Podstęp Kapitana Ameryki z AVENGERS: KOŃCA GRY był nawiązaniem do kontrowersyjnego wątku z komiksów Marvela
Trzonem akcji Avengers: Końca gry jest podróż bohaterów w czasie. Jedna z drużyn – dowodzona przez Kapitana Amerykę – przenosi się z powrotem do 2012 roku, trafiając ponownie w sam środek bitwy o Nowy Jork znanej z Avengers (2012). Ich celem jest odzyskanie berła Lokiego, które zawiera Kamień Nieskończoności.
Klejnot próbuje przejąć po bitwie sam Kapitan Ameryka. Będąc w windzie z grupą należącą do SHIELD, Rogers – mając wiedzę, że jego towarzysze w rzeczywistości służą neonazistowskiej organizacji Hydra – używa podstępu, szepcząc “Hail Hydra” i udając, że on także jest jej członkiem. Sztuczka się oczywiście udaje.
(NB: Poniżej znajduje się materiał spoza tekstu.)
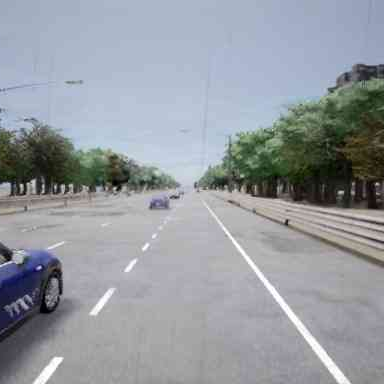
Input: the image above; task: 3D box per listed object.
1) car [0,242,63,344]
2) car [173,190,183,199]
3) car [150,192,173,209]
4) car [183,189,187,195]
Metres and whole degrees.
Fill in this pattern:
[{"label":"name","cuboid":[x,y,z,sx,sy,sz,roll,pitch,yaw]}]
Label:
[{"label":"car","cuboid":[-3.503,1.287,4.500,2.097,1.767,4.553,0,1,0]},{"label":"car","cuboid":[-3.337,0.716,65.266,1.895,1.301,4.718,0,1,0]},{"label":"car","cuboid":[-3.449,1.035,36.083,1.812,1.442,4.674,0,1,0]},{"label":"car","cuboid":[-3.220,0.245,95.460,2.033,1.411,5.357,0,1,0]}]
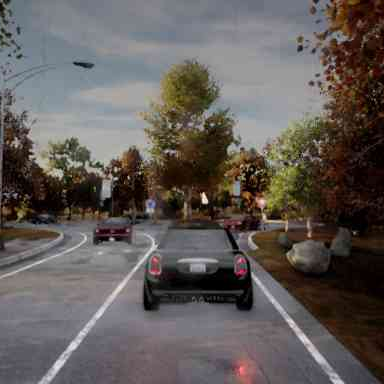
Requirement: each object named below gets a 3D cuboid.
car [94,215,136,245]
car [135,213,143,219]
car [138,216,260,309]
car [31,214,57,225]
[{"bbox_3d":[-4.166,2.061,18.062,1.895,1.301,4.718,1,-3,-10],"label":"car"},{"bbox_3d":[-10.654,4.565,61.126,4.718,1.301,1.895,2,-4,-23],"label":"car"},{"bbox_3d":[0.128,1.450,8.191,2.097,1.767,4.553,0,-1,1],"label":"car"},{"bbox_3d":[-19.616,3.632,44.326,2.033,1.411,5.357,0,-4,-5],"label":"car"}]
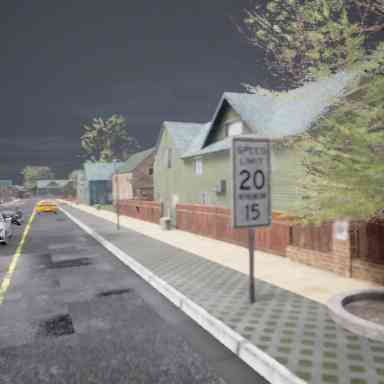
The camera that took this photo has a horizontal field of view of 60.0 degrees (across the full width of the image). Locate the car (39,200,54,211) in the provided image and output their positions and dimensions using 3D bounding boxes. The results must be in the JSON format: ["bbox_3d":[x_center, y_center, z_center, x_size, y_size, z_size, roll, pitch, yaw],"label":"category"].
[{"bbox_3d":[-20.739,1.848,47.353,1.895,1.301,4.718,-2,0,-24],"label":"car"}]

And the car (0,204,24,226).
[{"bbox_3d":[-13.834,1.711,24.990,1.837,1.490,4.892,-2,0,-24],"label":"car"}]

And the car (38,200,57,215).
[{"bbox_3d":[-16.335,1.669,37.621,1.882,1.535,5.008,-2,0,-24],"label":"car"}]

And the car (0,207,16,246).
[{"bbox_3d":[-9.674,1.680,15.786,1.812,1.442,4.674,-2,0,-25],"label":"car"}]

Koniec gry nie był pierwszym razem, gdy Kapitan Ameryka wypowiedział słowa “Hail Hydra”. Po raz pierwszy zrobił to kilka lat wcześniej na kartach komiksu, jednak nie w celu nabrania kogoś, lecz całkiem poważnie. Zdarzyło się to w komiksie Captain America: Steve Rogers No. 1, którego autorami byli Nick Spencer, Jesus Saiz i Joe Caramagna.
Ten fabularny twist wzbudził ogromne kontrowersje i oburzenie fanów Kapitana Ameryki – niektórzy uciekali się nawet do gróźb wobec autorów, a o sprawie pisały duże portale poświęcone popkulturze. Wśród miłośników komiksów było to iście szokujące wydarzenie. W kolejnych odsłonach komiksu Rogers pozostawał głównym antagonistą, aż wreszcie okazało się, że prawdziwy Kapitan został zastąpiony tym złym – ostatecznie oryginalny Steve znów zajął należne mu miejsce. Kwestia z Avengers: Końca gry była więc mrugnięciem okiem do tego wątku (i oczywiście nie jedynym odwołaniem do komiksów w widowisku braci Russo!), zdecydowanie mniej kontrowersyjnym.
Czytaliście komiks, o którym mowa powyżej?